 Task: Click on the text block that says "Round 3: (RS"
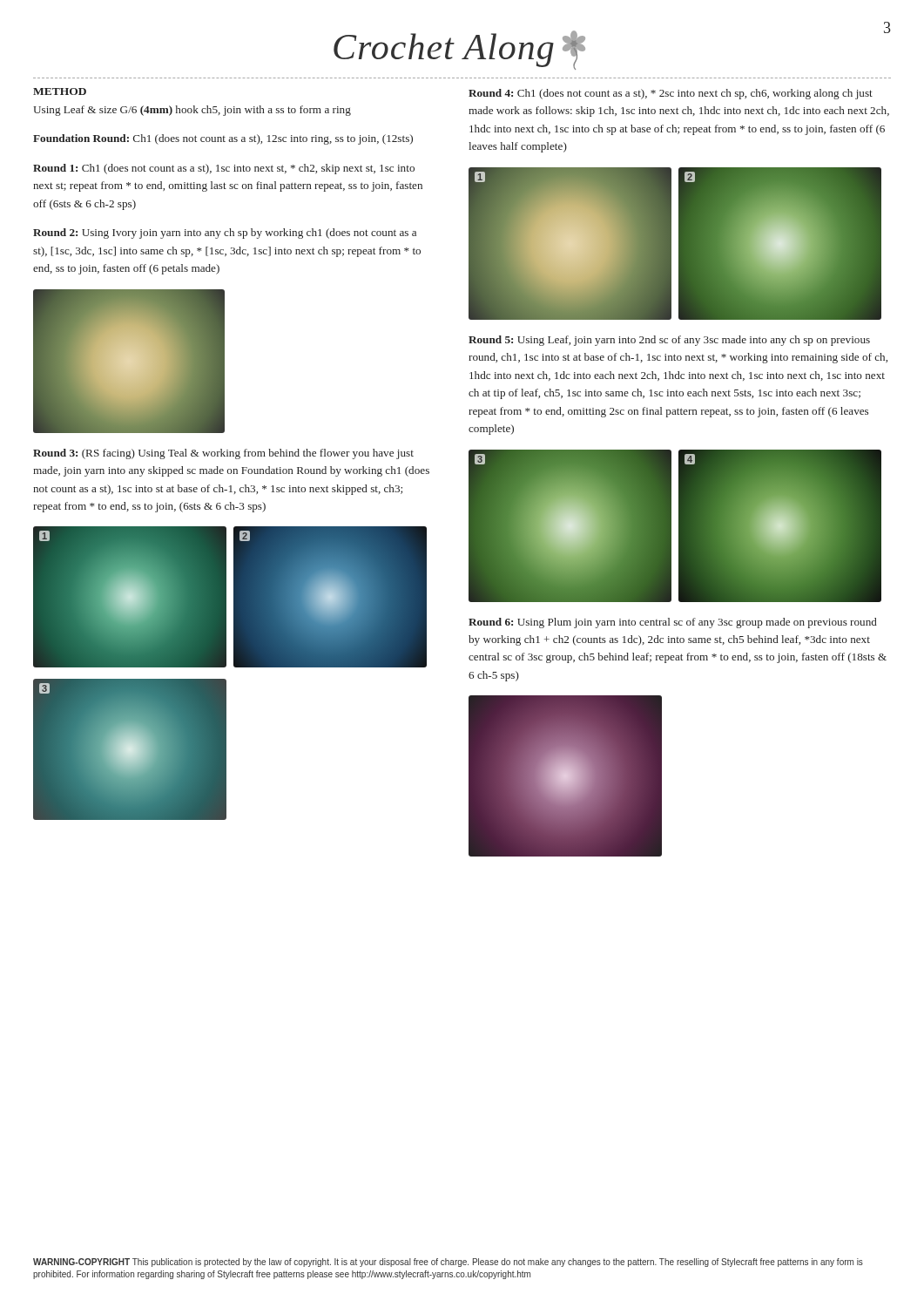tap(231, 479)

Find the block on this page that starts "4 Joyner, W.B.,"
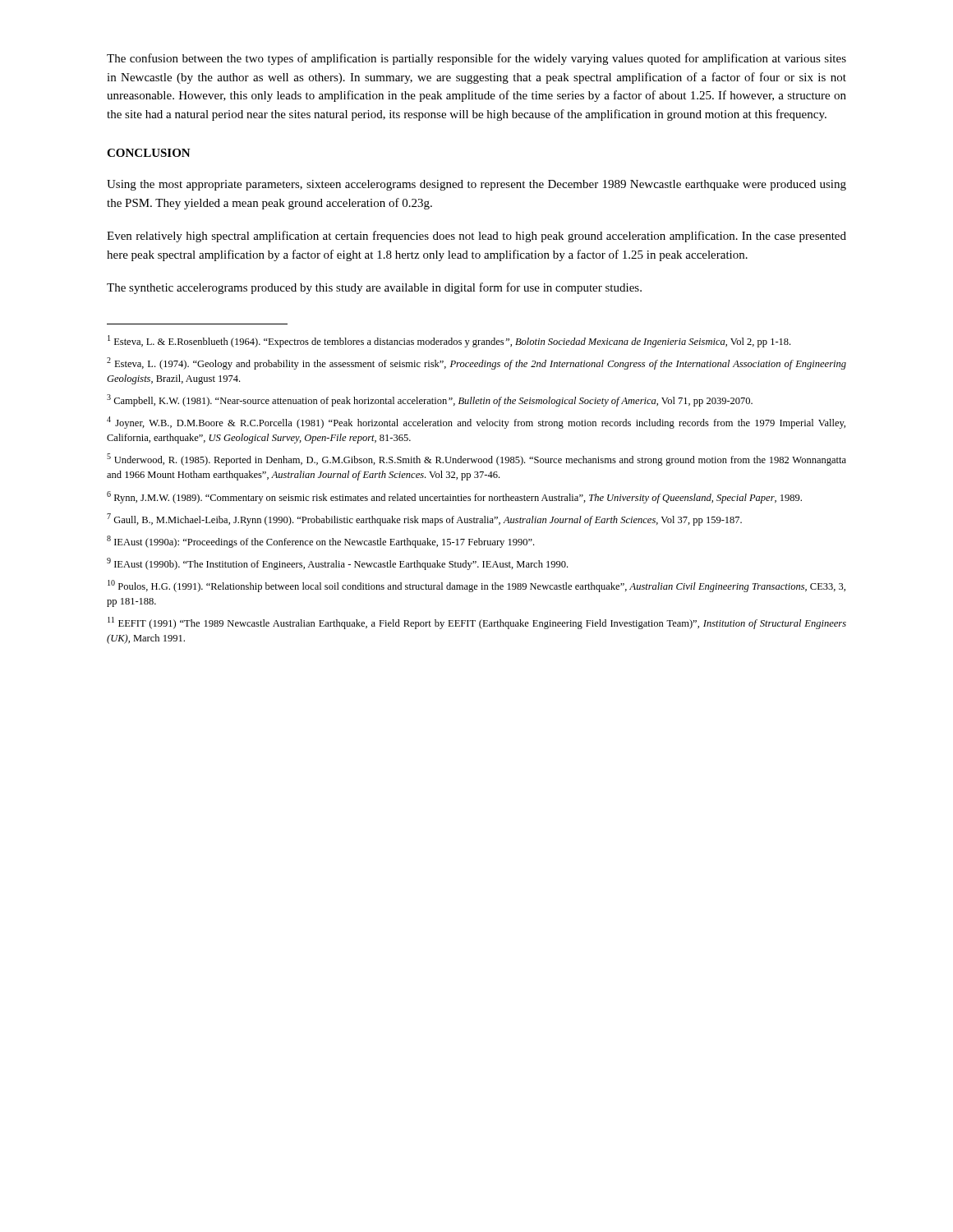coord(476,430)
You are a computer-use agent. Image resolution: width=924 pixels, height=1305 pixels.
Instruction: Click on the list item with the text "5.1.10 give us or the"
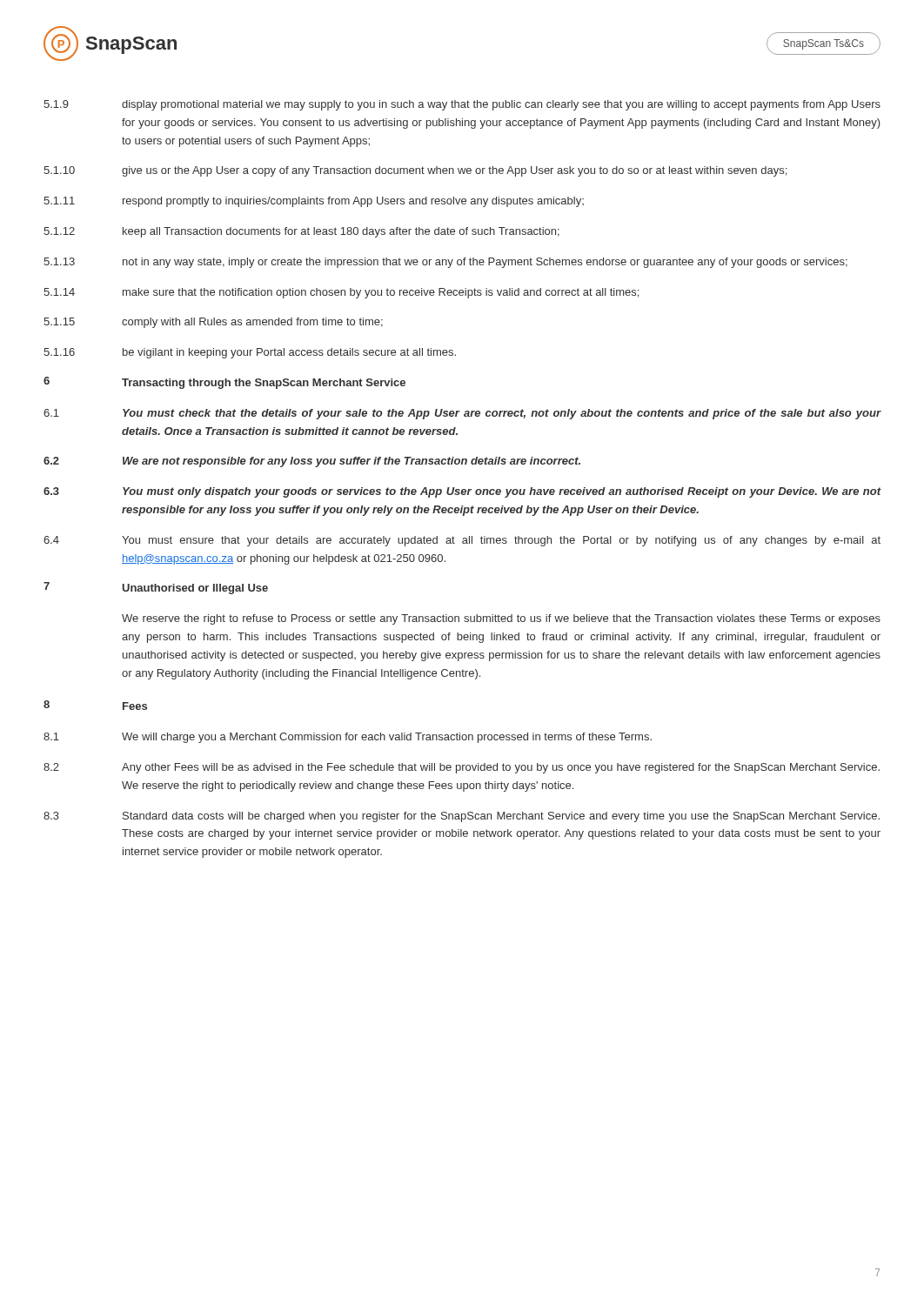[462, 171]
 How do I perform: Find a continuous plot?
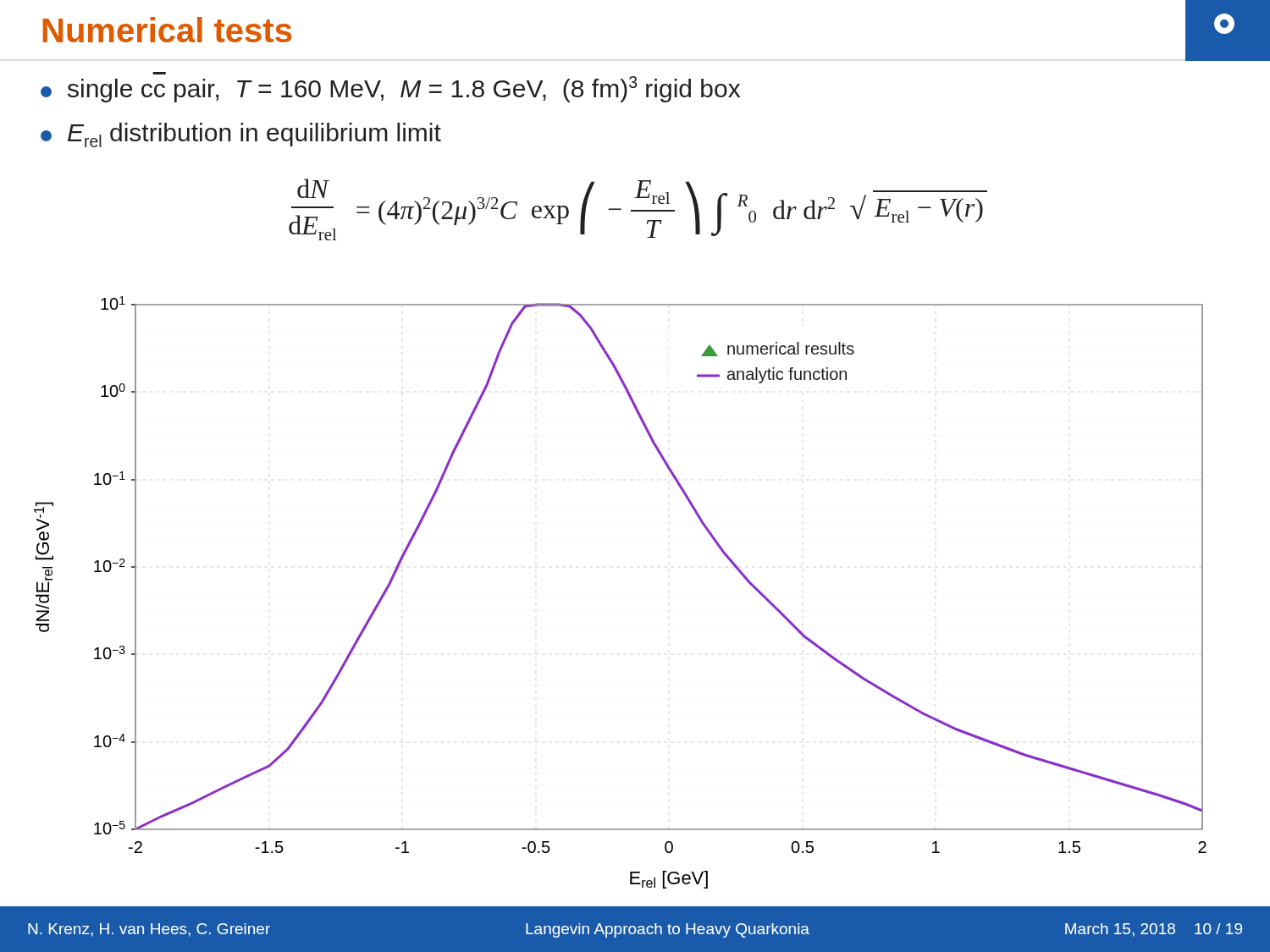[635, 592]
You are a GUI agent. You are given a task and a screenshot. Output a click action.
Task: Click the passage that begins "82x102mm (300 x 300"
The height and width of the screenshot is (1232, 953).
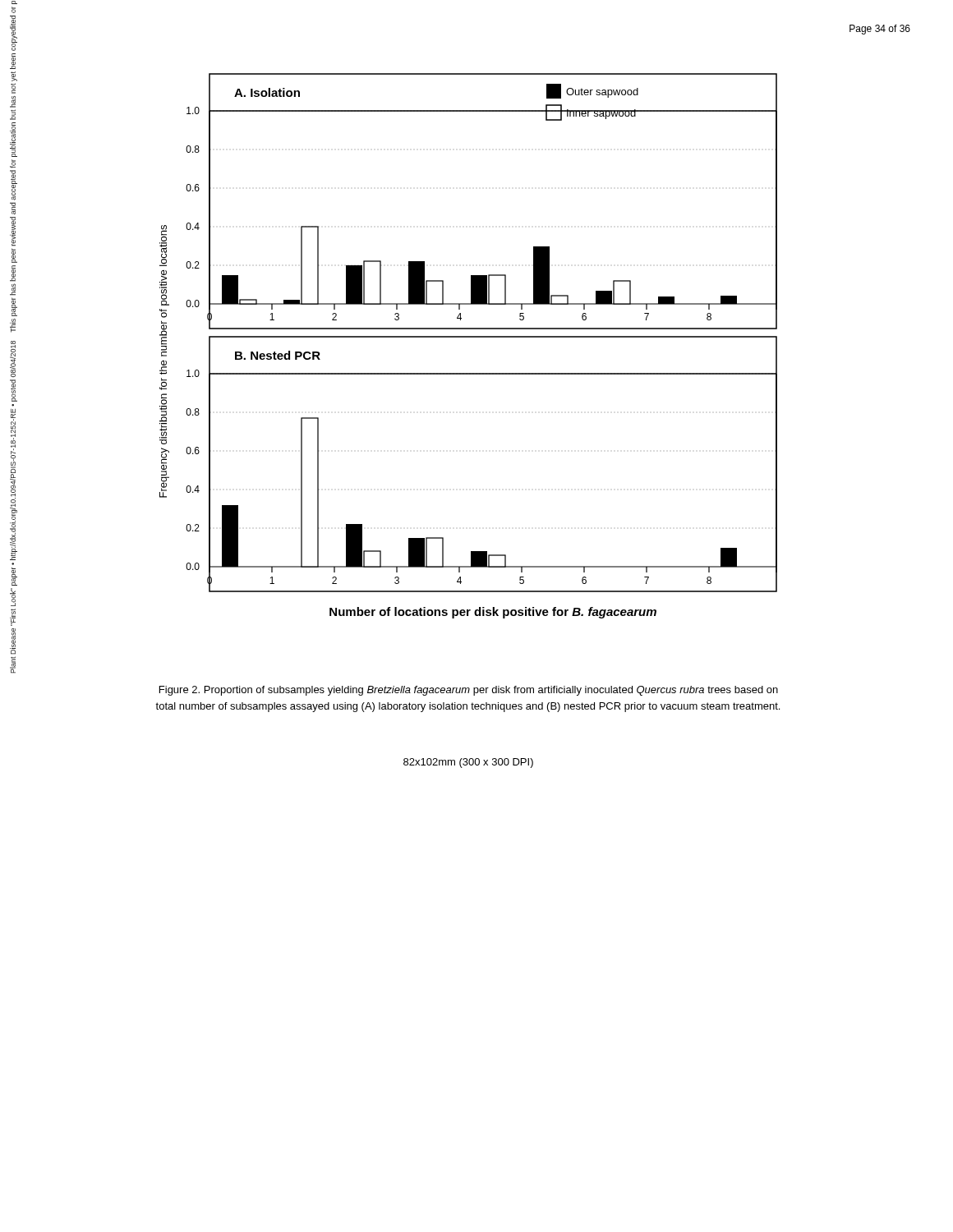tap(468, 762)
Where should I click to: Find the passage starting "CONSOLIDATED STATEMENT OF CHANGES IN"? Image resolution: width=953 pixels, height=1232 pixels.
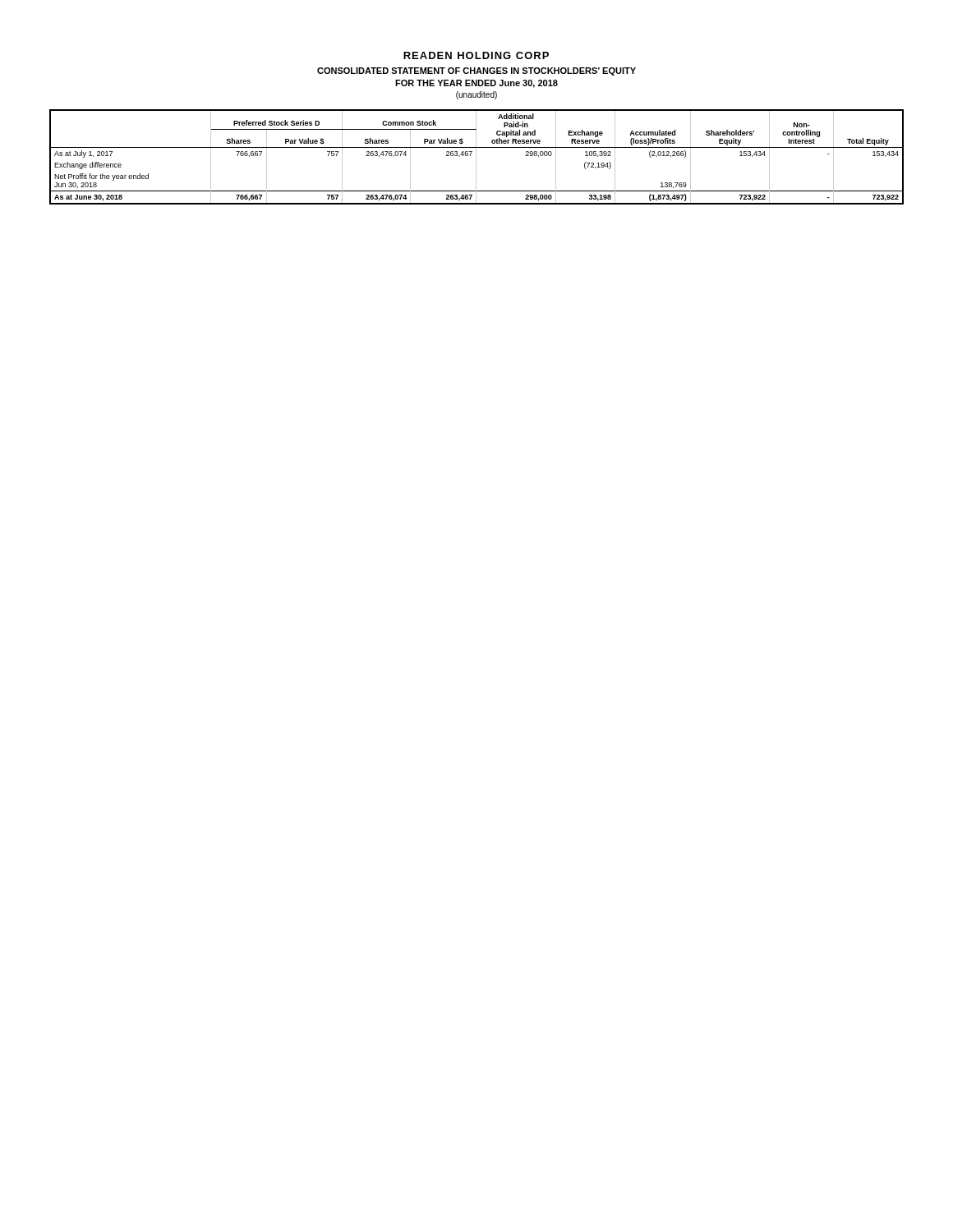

### [What needs to be done]
Leave the pictures out and return each entry exactly.

### [Output of the task]
 Task: Click on the text block that says "Round 3: (RS"
tap(231, 479)

Find the block on this page that starts "4 Joyner, W.B.,"
coord(476,430)
You are a computer-use agent. Image resolution: width=924 pixels, height=1305 pixels.
Instruction: Click on the list item with the text "5.1.10 give us or the"
[462, 171]
 How do I perform: Find a continuous plot?
[635, 592]
You are a GUI agent. You are given a task and a screenshot. Output a click action.
Task: Click the passage that begins "82x102mm (300 x 300"
The height and width of the screenshot is (1232, 953).
tap(468, 762)
Where should I click to: Find the passage starting "CONSOLIDATED STATEMENT OF CHANGES IN"? Image resolution: width=953 pixels, height=1232 pixels.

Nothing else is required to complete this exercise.